How do you make a model using both kinds of logic?
There are some who advocate making the entire model out of the second kind of logic. These models would be all RDF or OWL. There are good reasons why not to do this: First of all, too few clinical modelers understand Intentional logic well enough to assure you would end up with accurate and correct models without unintended inferences. Secondly, it's not such a good idea to abandon traditional databases and SQL which are more scalable when used correctly and which can be the best choice for a lot of simpler data.
The ideal solution is to use the "extensional" logic for part of the model and the "intentional" logic for another part of the model. But be very clear what parts are modeled in what logic. Don't mix them up, keep them confined to their own parts of the model. Apply a simple modeling rule to keep each kind of logic in its place.
What parts of the model should be "extensional" and what parts should be "intentional"?
The "intentional" part is by far more difficult to produce, and fortunately, modelers do not have to create this part of the model. This part of the model is provided by SNOMED CT.
CIMI has agreed to use SNOMED CT as its primary vocabulary, therefore, SNOMED CT should be used in CIMI models for anything that is in SNOMED CT, and this is where the intentional logic lives in the model. Modeling concepts outside SNOMED that also exist in SNOMED, would violate the CIMI agreement to use SNOMED CT as its primary vocabulary.
In general if you think of the model as being composed of What, When, Who, Where, Why: The "what" is represented by SNOMED CT, whereas the when, who, where and optional why can be represented in the OO "extensional" part of the model.
If we are going to say that patient John Doe was diagnosed with a myocardial infarction on July 26 2012 as observed by EKG and CPK in the emergency room of Kaiser Permanente Fremont Medical Center. The what "myocardial infarction" is represented as a SNOMED code. The who, when, and where is represented in the "extensional model" either in a relational database or an OO model.
In some clinical models you might find words in the model to indicate concepts that exist in SNOMED CT like "systolic blood pressure" or "oral temperature". These words are words expressing the "what" of the model and if the model is to use SNOMED CT according to the CIMI agreement this should not be in the OO part of the model at all because then you would be reinventing SNOMED CT all over again. They should be left entirely to the SNOMED CT "intentional" part of the model.
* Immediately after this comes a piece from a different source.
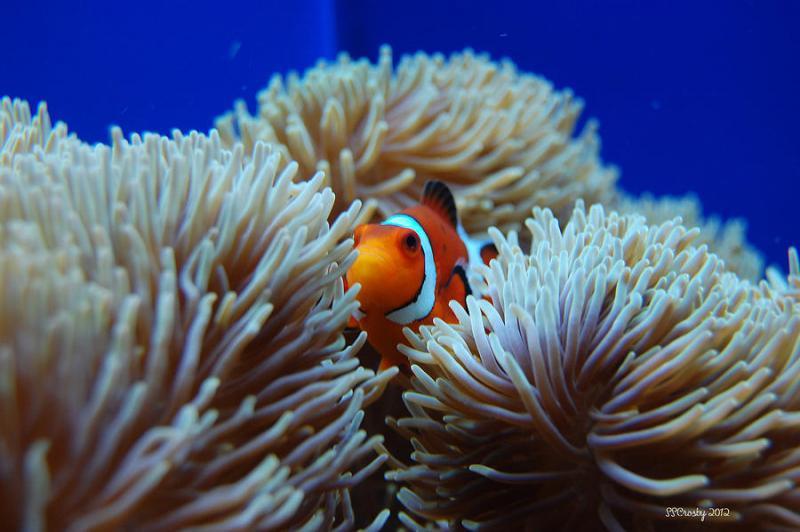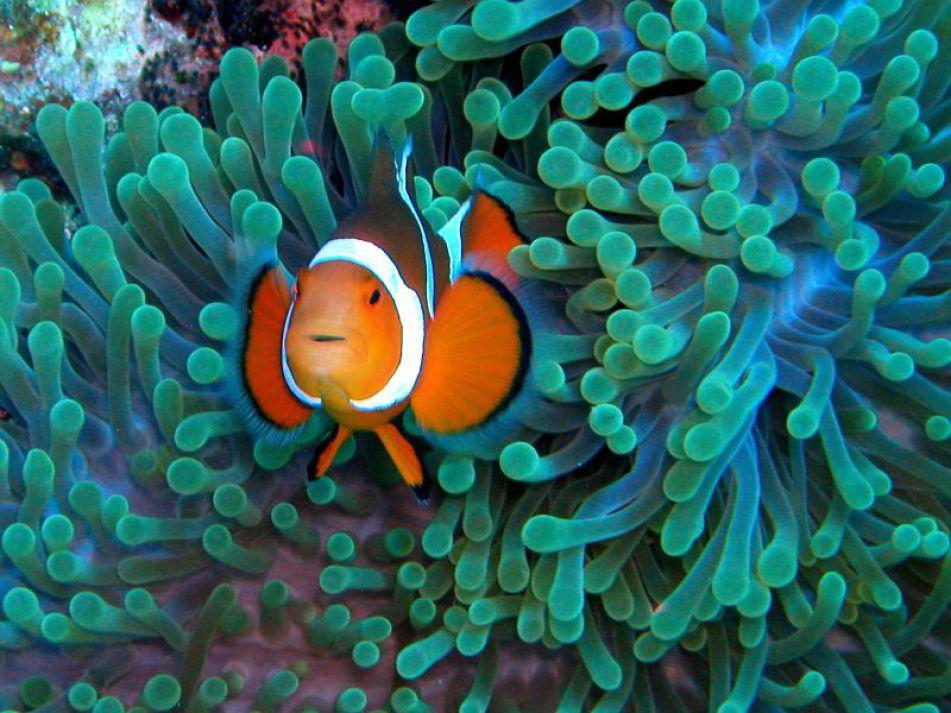The first image is the image on the left, the second image is the image on the right. Assess this claim about the two images: "At least one image shows a striped clown fish swimming among anemone tendrils.". Correct or not? Answer yes or no. Yes. 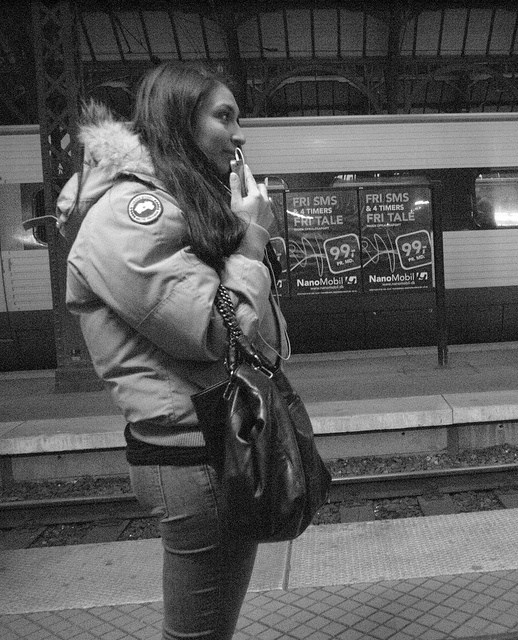Describe the objects in this image and their specific colors. I can see people in black, gray, darkgray, and lightgray tones, train in black, darkgray, gray, and lightgray tones, handbag in black, gray, darkgray, and lightgray tones, and cell phone in black, gray, darkgray, and lightgray tones in this image.

Both the creation and the querying of mixed models must take place in two steps.
Once you have a well designed model that uses SNOMED CT, you must do the query in two steps. First you do the subsumption search in SNOMED. You can isolate SNOMED, you need nothing but SNOMED for this phase of the query. Let's say you search for all kinds of diseases that are "a disorder of the lung with causative agent mycobacteria". The result of that query gives you a list of SNOMED codes. This is an intermediate result, step one of the two step query. You now take that list and iterate over it saying with an SQL like query. SELECT PATIENTS WHERE DIAGNOSIS_CODE IS IN <<LIST OF RESULTS FROM STEP ONE>>.
In the creation of models there is a similar two step process. First clinicians with the help of an expert modeler, create the models for the conditions the way they understand them. These UML or ADL models will have "what" words in them like "systolic blood pressure" or "pneumonia". This first step of clinical model creation is this step which can be done by clinicians.
These unfinished models then go to experts that replace the "what words" with SNOMED CT concepts. The "what words" may be retained in the finished model, but now they are officially defined as human readable labels for clinicians. The real definition of the model is based on the SNOMED codes that replaced the words and now are the official definition of the "what" part of the what when where who why complete model.